22

We didn’t hear from Tapio for the next several days. Once, MacIntyre ventured forth and made inquiries among the miners—though never, he emphasized, among any of the supervisors, who could, by tarnishing Tapio’s name, endanger the trapper’s employment prospects in Spitsbergen. What little MacIntyre learned was vague and often contradictory. There had been a brief melee at the company canteen, beginning with some harsh words from both parties. The accounts seemed to agree that Tapio had struck one miner a glancing but conclusive blow with a bottle of aquavit and then taken on two others. At some point the fracas moved outdoors, where by some ruse or flash of skill—here the accounts diverged—Tapio gained the upper hand and smashed one Swedish miner’s head repeatedly against an exposed bit of wooden planking until the man was quite close to death. Ultimately Tapio was pulled away and subdued.

Several of MacIntyre’s informants were adamant that Tapio himself had been rather badly beaten, and that the miners had comported themselves with fortitude and dignity, but MacIntyre didn’t care. Neither of us had seen any egregious wounds on Tapio. What did concern MacIntyre was whether the nearly dead miner would file a formal complaint when he returned to something more like life.

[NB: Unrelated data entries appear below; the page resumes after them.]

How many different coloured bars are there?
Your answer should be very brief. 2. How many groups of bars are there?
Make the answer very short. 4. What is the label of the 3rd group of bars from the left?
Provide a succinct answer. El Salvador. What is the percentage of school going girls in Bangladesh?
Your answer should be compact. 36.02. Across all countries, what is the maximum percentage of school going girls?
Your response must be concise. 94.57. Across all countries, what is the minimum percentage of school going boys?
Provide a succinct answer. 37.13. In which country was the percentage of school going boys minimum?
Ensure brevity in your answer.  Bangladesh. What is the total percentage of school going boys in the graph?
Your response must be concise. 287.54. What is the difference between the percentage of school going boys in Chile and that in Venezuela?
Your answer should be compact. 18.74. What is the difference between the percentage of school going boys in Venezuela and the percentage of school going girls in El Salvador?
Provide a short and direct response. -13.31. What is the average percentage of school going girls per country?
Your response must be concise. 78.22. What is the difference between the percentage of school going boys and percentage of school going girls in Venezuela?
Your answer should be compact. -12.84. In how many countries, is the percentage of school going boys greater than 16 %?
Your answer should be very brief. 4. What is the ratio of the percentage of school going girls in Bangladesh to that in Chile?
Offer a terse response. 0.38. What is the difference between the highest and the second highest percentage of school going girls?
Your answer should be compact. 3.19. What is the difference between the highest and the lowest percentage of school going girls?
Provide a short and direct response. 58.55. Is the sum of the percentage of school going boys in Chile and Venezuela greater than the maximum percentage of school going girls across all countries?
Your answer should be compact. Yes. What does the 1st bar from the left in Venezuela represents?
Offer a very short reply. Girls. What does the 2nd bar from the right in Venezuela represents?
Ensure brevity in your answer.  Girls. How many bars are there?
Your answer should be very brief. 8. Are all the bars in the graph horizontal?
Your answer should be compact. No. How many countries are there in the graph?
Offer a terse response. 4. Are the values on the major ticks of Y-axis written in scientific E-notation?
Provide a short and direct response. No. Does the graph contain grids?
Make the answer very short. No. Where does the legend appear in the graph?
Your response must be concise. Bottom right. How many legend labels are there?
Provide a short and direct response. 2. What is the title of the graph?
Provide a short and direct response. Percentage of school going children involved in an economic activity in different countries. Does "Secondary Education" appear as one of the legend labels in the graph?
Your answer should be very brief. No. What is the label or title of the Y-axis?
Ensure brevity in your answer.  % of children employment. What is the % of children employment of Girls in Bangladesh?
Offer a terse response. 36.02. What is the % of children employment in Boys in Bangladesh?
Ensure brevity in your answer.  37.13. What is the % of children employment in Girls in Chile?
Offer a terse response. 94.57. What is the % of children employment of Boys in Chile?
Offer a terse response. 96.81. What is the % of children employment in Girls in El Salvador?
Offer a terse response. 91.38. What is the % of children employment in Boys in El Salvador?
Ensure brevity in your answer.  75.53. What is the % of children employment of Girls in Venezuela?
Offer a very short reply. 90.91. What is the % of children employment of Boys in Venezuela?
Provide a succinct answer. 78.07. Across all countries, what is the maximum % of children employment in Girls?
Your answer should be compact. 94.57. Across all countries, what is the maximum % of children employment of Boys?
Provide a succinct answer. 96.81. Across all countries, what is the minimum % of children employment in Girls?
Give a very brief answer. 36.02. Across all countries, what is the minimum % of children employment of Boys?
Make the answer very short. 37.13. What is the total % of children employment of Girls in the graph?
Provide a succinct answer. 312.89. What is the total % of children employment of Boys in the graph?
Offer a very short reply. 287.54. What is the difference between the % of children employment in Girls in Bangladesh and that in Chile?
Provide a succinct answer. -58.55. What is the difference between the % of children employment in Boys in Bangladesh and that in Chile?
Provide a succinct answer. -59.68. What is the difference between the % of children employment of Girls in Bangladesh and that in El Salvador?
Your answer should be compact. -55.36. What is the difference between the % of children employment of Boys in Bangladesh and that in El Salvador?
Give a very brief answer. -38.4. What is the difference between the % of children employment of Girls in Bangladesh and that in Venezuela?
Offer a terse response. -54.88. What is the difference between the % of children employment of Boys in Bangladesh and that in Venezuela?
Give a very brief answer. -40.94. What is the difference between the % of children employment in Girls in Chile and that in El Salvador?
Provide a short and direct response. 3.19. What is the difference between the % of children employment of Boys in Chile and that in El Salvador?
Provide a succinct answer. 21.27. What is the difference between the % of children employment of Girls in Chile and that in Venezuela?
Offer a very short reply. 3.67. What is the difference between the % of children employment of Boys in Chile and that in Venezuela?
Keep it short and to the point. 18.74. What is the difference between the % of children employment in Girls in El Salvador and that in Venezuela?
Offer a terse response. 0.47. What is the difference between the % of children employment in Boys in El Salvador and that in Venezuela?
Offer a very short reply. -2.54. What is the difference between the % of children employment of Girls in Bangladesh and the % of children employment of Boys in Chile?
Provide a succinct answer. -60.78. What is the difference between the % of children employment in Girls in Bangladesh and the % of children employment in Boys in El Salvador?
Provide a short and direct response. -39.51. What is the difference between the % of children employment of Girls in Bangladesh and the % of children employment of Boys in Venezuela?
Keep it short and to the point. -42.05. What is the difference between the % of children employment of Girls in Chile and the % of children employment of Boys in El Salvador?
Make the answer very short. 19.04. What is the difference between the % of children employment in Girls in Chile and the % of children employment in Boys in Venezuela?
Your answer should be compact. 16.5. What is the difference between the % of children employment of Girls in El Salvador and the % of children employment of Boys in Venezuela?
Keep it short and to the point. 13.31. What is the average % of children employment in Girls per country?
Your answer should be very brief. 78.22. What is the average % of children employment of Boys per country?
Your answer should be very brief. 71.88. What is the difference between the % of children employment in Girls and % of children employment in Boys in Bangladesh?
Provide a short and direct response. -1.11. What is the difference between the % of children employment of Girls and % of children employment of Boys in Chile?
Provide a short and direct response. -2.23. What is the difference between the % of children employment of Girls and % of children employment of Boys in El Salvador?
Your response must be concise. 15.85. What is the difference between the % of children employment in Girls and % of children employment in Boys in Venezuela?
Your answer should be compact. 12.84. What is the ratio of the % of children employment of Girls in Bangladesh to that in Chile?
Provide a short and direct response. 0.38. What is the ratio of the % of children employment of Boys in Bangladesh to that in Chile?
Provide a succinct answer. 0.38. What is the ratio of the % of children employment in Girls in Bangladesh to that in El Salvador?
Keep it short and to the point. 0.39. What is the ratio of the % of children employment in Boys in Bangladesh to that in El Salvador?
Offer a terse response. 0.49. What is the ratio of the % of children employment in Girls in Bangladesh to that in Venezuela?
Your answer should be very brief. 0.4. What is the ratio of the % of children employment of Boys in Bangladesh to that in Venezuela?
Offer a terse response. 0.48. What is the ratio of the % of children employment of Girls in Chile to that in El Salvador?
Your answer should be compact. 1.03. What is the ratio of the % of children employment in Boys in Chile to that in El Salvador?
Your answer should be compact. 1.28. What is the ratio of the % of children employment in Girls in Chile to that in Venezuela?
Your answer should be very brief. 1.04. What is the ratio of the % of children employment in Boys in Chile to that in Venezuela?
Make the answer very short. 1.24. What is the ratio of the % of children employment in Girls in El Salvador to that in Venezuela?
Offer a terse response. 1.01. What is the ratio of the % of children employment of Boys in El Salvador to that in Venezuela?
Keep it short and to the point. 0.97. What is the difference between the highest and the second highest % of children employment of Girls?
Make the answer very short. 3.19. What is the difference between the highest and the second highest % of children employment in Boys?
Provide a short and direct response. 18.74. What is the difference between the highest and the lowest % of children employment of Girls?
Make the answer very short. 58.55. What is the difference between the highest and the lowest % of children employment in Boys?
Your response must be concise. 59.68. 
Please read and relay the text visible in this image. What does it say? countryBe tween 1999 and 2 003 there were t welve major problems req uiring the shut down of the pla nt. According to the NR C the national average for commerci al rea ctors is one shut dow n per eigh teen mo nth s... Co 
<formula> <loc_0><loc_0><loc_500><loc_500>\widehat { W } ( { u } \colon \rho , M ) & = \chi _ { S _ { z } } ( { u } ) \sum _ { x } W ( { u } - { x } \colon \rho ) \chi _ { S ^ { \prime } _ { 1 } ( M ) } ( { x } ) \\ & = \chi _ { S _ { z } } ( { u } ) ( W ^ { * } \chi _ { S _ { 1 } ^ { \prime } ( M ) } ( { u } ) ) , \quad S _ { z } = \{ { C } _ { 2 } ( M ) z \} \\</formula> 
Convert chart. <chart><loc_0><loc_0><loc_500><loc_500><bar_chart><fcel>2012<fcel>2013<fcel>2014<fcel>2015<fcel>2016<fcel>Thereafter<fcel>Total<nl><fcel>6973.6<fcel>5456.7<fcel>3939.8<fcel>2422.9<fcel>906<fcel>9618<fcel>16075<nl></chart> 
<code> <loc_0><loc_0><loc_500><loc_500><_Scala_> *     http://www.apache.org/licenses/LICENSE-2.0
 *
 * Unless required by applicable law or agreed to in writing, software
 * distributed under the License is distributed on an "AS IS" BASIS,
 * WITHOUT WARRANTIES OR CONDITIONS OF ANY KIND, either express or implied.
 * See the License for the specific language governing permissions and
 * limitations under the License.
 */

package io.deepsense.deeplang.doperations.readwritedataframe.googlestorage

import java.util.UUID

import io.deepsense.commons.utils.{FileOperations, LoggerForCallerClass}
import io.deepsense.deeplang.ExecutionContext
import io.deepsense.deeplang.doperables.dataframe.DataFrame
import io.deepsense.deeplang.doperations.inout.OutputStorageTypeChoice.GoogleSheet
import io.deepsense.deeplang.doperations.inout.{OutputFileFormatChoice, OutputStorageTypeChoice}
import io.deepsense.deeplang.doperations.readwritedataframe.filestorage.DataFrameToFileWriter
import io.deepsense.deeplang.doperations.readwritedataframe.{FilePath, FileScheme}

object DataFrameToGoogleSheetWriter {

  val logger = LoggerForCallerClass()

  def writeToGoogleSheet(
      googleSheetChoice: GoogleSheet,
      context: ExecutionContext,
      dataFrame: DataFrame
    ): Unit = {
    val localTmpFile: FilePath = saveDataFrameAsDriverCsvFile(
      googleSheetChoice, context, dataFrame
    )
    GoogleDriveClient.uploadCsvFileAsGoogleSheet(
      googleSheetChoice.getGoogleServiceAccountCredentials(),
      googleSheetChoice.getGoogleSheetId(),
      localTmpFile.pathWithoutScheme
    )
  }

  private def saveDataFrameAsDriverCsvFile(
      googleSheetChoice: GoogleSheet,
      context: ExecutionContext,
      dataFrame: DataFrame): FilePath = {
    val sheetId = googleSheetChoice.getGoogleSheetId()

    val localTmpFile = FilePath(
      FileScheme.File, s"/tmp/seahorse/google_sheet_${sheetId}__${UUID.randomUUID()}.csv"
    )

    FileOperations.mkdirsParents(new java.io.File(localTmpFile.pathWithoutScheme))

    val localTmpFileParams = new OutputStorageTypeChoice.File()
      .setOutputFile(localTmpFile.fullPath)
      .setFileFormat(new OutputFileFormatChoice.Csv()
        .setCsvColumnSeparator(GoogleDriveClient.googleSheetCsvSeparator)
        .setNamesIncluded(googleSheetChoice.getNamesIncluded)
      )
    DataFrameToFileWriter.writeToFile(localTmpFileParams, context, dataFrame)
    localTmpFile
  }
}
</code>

As it happened, the miner’s Swedishness may have saved Tapio from prosecution or deportation. The Norwegian majority in Longyear did not appear especially aggrieved at the potential loss of a Swede, and no complaints were filed. After all, the fight was fairish, and did not Swedes, with their loose tongues and libertine ways, bring such things upon themselves? Finns were seen as peculiar and alien—Russians by any other name—but hard-handed and tough. Also, Tapio’s reputation as an incomparable trapper was well known, and if he failed to make himself an amiable companion, he was at least respected.

“I nearly forgot,” MacIntyre said one morning. He produced several weather-beaten envelopes from his jacket pocket. “Forgive my presumption, but I took it upon myself to retrieve your mail. I didn’t know whether you deliberately avoided news of home, or any reminders of a previous, discarded existence…” He let the sentence drift off.

I took the letters from his hand and peered down at the familiar hand. One from my mother in her confident, efficient cursive. Three from Olga in her haphazard, dashed-off, unladylike uppercase. I smiled despite myself. “No, Charles, not discarded. Merely buried in a shallow grave.”

“I suppose that makes me the wild dog that comes sniffing along and digs up your family’s remains,” he said with a wink. “I shall leave you to your exhumation.”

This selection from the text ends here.